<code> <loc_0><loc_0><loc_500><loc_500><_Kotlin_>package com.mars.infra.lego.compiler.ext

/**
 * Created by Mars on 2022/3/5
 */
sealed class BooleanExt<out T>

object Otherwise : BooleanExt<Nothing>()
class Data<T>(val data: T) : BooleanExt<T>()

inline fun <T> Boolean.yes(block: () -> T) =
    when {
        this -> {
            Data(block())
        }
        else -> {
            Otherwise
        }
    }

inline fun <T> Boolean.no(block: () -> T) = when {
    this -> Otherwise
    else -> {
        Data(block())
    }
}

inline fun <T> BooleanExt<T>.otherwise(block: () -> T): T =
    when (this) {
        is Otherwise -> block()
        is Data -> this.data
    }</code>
...
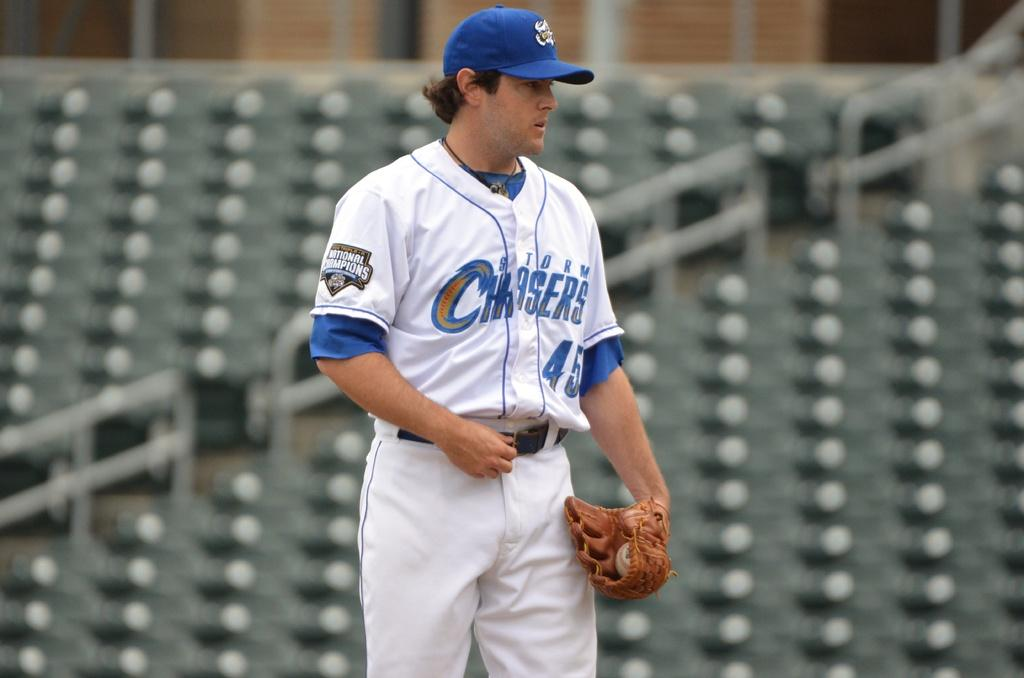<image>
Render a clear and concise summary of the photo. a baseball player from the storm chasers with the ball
---
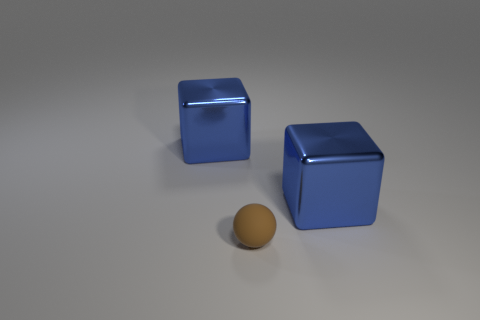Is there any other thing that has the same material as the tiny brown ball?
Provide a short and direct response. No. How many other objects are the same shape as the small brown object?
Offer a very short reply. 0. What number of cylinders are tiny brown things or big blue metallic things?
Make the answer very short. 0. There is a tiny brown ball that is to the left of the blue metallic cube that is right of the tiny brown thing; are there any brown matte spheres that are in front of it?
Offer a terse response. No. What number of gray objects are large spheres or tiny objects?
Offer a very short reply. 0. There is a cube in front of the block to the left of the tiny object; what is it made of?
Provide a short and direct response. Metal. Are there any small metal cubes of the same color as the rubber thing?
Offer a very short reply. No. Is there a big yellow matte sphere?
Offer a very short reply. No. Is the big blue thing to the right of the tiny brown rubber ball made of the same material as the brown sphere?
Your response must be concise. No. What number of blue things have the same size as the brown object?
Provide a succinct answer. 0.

**Your instructions**
List every line above containing the word "code".

**Response to this exercise**
<code> <loc_0><loc_0><loc_500><loc_500><_Kotlin_>package com.mars.infra.lego.compiler.ext
    }</code>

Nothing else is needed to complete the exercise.